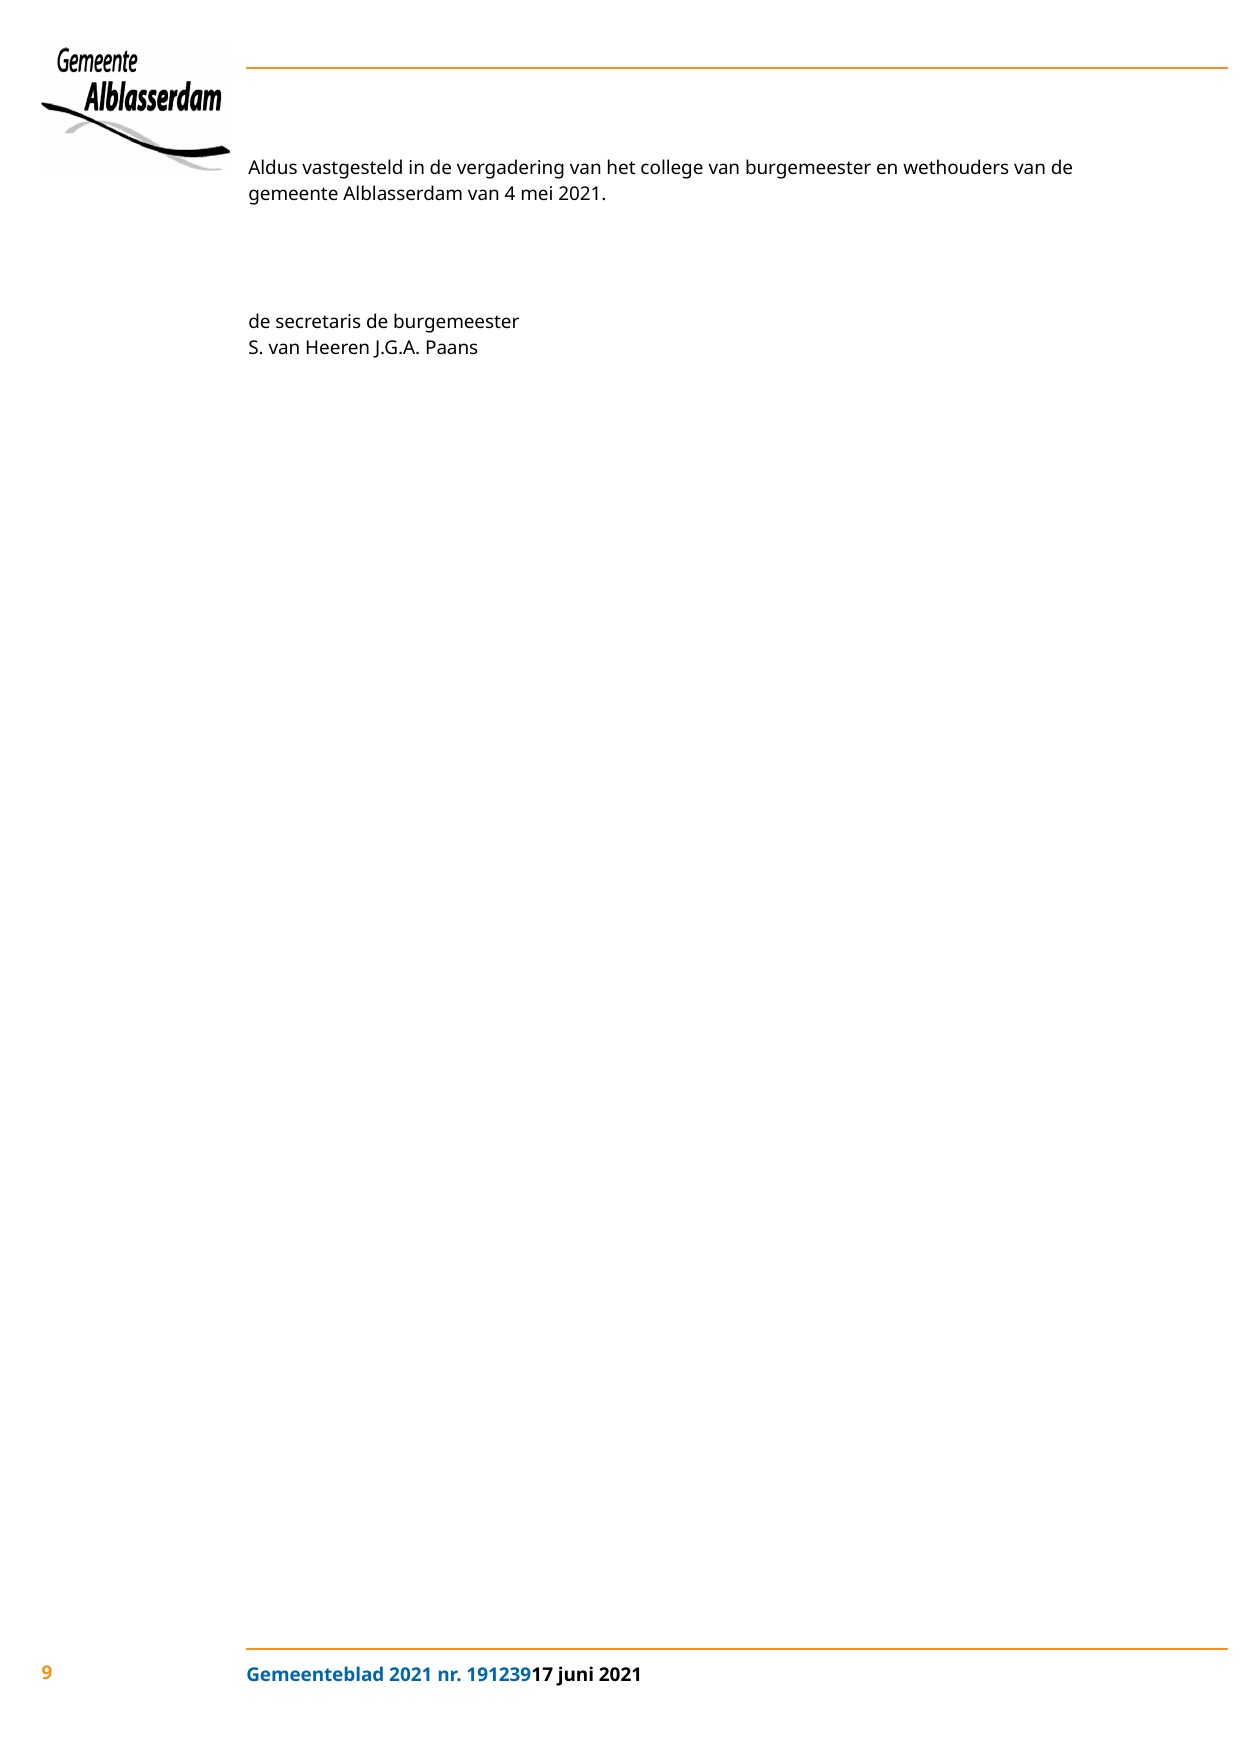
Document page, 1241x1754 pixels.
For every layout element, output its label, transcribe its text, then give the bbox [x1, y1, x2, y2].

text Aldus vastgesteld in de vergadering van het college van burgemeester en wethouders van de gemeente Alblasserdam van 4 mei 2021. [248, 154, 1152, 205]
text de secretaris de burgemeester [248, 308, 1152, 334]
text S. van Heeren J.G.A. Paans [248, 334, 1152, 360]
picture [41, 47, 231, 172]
+ + +
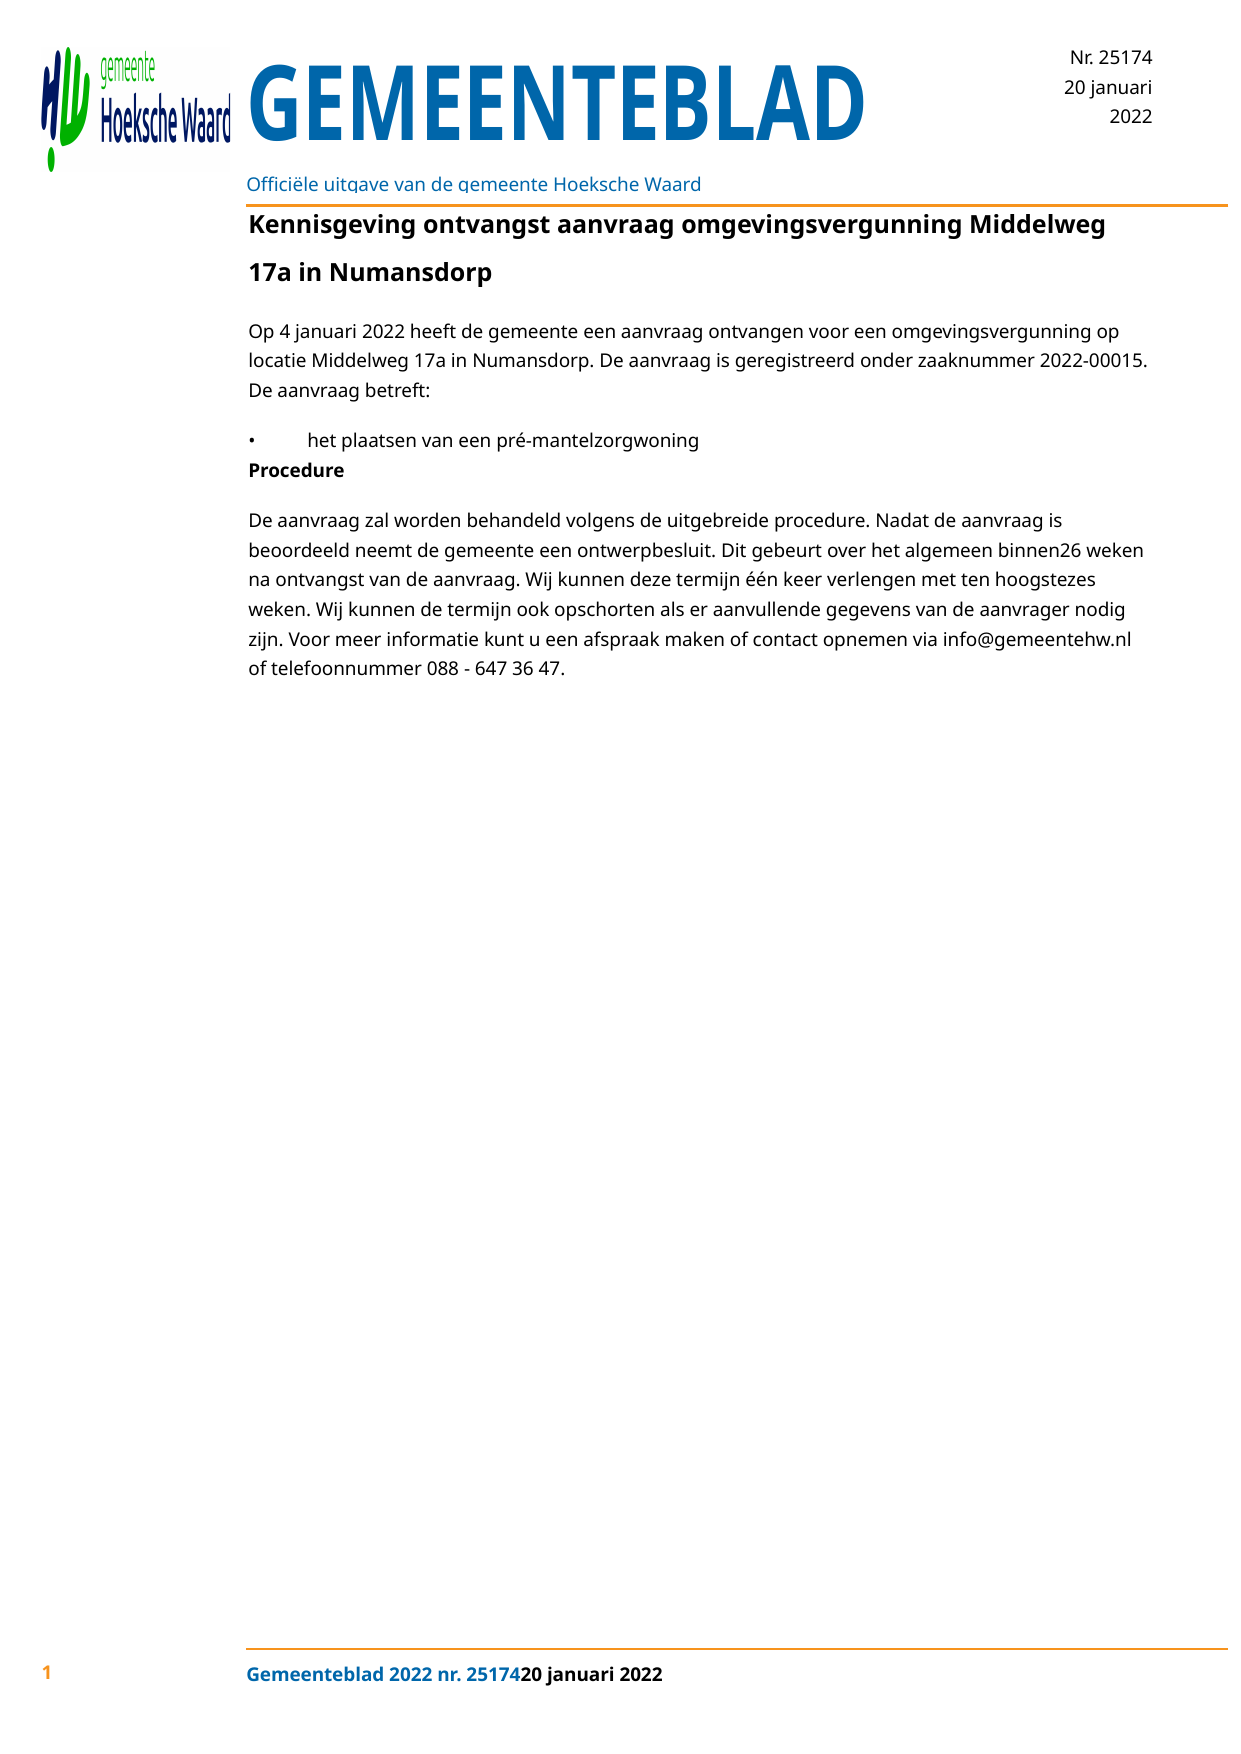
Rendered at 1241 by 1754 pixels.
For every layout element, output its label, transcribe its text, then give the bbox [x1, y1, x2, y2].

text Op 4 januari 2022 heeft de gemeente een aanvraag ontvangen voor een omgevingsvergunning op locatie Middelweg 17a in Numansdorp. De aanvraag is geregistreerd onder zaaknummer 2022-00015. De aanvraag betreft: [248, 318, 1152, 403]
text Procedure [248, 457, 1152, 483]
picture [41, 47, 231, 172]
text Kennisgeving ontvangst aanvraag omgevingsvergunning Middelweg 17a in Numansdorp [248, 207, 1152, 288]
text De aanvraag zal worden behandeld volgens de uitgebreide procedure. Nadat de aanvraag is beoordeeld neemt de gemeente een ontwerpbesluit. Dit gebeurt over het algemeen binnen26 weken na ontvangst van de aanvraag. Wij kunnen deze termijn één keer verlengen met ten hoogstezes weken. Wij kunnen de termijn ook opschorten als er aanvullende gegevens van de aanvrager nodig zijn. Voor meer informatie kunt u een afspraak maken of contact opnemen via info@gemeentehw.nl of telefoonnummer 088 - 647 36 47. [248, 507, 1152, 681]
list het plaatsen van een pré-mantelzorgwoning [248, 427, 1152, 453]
+ + +
» **DIRECTIONS**
Where the string "pixels" shows up in the listing above, copy the line that holds it.

» **REPLY TO THE TASK**
Document page, 1241x1754 pixels.
Rendered at 1241 by 1754 pixels.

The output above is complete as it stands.